Exercise material -
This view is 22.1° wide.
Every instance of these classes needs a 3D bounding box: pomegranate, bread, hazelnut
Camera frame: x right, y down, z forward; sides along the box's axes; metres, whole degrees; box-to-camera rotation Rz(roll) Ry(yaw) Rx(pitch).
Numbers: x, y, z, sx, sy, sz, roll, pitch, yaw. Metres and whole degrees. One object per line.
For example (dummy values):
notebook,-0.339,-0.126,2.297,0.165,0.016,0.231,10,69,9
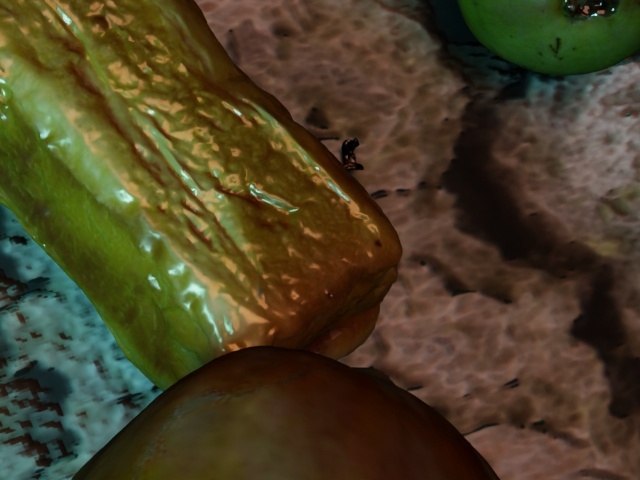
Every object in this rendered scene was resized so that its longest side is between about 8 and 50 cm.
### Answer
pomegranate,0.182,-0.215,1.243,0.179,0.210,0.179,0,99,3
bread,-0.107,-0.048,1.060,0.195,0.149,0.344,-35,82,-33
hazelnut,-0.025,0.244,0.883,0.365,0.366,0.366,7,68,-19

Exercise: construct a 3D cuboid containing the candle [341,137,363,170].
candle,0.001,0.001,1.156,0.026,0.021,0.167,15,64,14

...

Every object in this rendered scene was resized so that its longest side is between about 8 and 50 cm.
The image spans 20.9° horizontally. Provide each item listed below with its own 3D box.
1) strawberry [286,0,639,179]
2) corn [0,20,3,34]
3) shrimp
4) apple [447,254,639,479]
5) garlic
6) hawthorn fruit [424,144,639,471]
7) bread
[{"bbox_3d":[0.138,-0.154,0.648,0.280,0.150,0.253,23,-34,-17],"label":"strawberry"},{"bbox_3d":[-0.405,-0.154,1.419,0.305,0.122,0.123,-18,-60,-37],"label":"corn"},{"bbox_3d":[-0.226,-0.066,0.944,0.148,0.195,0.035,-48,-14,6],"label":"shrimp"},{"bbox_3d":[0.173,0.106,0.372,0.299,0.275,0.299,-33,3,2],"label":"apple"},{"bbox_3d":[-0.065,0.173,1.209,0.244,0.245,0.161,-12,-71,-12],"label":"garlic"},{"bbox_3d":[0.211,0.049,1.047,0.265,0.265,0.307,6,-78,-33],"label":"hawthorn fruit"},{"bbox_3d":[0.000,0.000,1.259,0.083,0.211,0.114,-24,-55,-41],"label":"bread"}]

Task goal - Please reproduce the lines from the line with "This view is 22.1° wide." to the line with "For example (dummy", both ends included, exactly as they appear above.

Task answer -
This view is 22.1° wide.
Every instance of these classes needs a 3D bounding box: pomegranate, bread, hazelnut
Camera frame: x right, y down, z forward; sides along the box's axes; metres, whole degrees; box-to-camera rotation Rz(roll) Ry(yaw) Rx(pitch).
Numbers: x, y, z, sx, sy, sz, roll, pitch, yaw. Metres and whole degrees. One object per line.
For example (dummy values):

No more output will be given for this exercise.